[Extracted data — start]

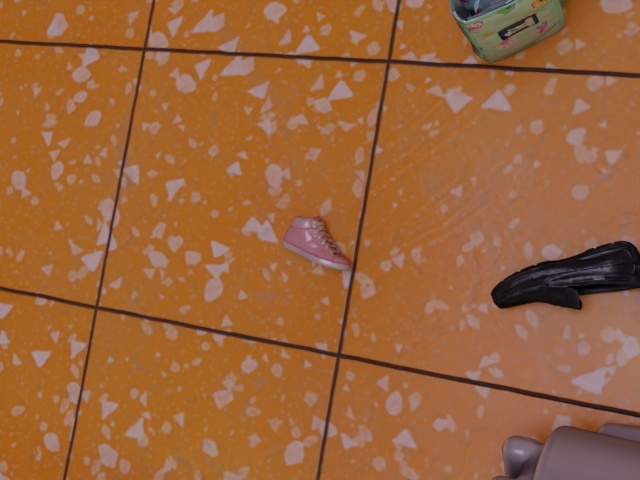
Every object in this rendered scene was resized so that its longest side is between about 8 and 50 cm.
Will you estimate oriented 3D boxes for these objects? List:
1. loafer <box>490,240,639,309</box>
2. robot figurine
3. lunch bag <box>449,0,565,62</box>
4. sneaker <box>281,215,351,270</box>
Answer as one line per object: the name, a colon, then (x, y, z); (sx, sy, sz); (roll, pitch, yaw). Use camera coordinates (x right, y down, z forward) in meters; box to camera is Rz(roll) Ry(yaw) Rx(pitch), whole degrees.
loafer: (0.363, 0.066, 1.378); (0.223, 0.076, 0.078); (-18, 68, 17)
robot figurine: (0.406, 0.365, 1.243); (0.354, 0.199, 0.300); (9, 48, 27)
lunch bag: (0.297, -0.400, 1.390); (0.160, 0.223, 0.262); (32, 97, 18)
sneaker: (0.000, 0.000, 1.561); (0.134, 0.051, 0.070); (25, 99, 29)

[Extracted data — finish]

(What to do): Retype the data word for word, please, and keep the images out.

(Written reply):
Every object in this rendered scene was resized so that its longest side is between about 8 and 50 cm.
Will you estimate oriented 3D boxes for these objects? List:
1. loafer <box>490,240,639,309</box>
2. robot figurine
3. lunch bag <box>449,0,565,62</box>
4. sneaker <box>281,215,351,270</box>
Answer as one line per object: the name, a colon, then (x, y, z); (sx, sy, sz); (roll, pitch, yaw). Use camera coordinates (x right, y down, z forward) in meters; box to camera is Rz(roll) Ry(yaw) Rx(pitch), whole degrees.
loafer: (0.363, 0.066, 1.378); (0.223, 0.076, 0.078); (-18, 68, 17)
robot figurine: (0.406, 0.365, 1.243); (0.354, 0.199, 0.300); (9, 48, 27)
lunch bag: (0.297, -0.400, 1.390); (0.160, 0.223, 0.262); (32, 97, 18)
sneaker: (0.000, 0.000, 1.561); (0.134, 0.051, 0.070); (25, 99, 29)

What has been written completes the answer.